This fits in a Mad Millie water seal fermenting jug, adjust quantities to suit the container. If you don’t have a fermenting jar what you have will need to be burped daily.

  • 2500ml fresh lime juice
  • 75g salt

Method

  1. Pour lime juice into a clean fermentation jar (water-seal jar recommended).
  2. Stir in salt until completely dissolved.
  3. Cover loosely or seal with a water-seal lid if using one.
  4. Leave at room temperature, out of direct sun.
  5. Fermentation will be visible after 3–5 days: slight cloudiness, a few bubbles, a tangy smell.
  6. Taste after 2 weeks. The longer it sits, the more complex and funky the flavour becomes.
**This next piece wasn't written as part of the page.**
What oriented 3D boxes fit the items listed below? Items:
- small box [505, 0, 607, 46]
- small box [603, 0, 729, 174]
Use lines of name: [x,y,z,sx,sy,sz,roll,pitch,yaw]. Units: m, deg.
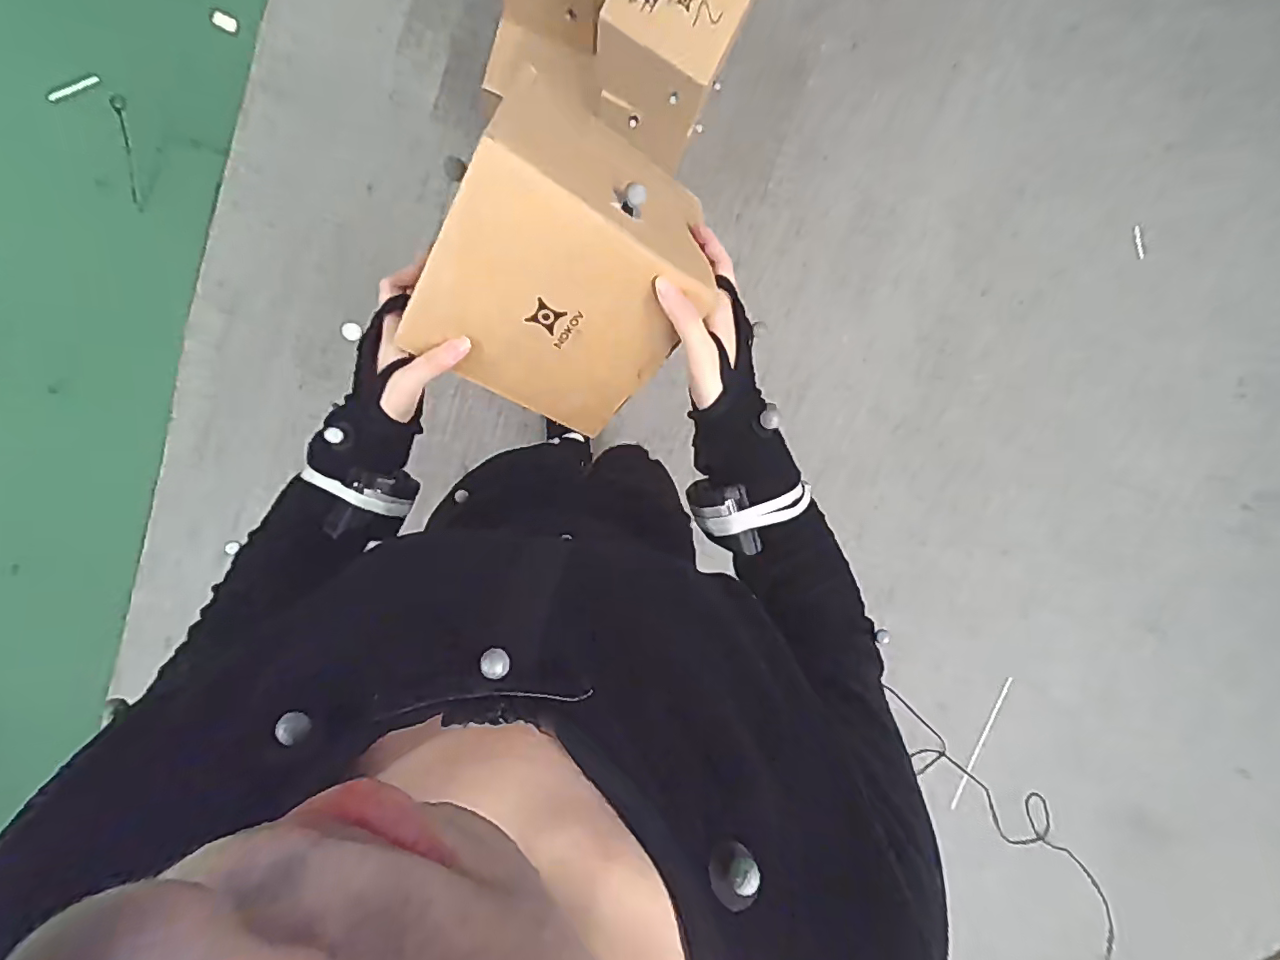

At 2 weeks it’s mildly tangy; at 4 weeks it’s deeply savoury with fermented funk.
  7. When you’re happy with the flavour, seal it or transfer to storage bottles. Will keep indefinitely at room temperature in a sealed jar.

Serving suggestions

Use it as you would a fermented condiment—a splash in soups and stews for depth, in dressings and marinades, in sauces where you’d normally use lemon juice but want something with more character. It’s particularly good with Asian dishes, seafood, and anywhere you want fermented tang without fresh citrus. A little goes a long way.

Notes

All three preserve your lime glut in completely different ways. The cordial is straightforward and useful; the Skeeter pee is a fermented drink and genuinely interesting; the salt-fermented is a pantry workhorse. Start with the cordial if you want something guaranteed to work. The fermented versions need only patience and basic hygiene—they’re safe as long as you keep them clean and covered.

If your limes are particularly acidic (which they usually are), the cordial can handle it; the Skeeter pee will be slightly tarter but still pleasant; the salt-fermented will develop complex acidity that actually works in your favour. None of these are fussy. They’re all designed to work without special equipment or skills.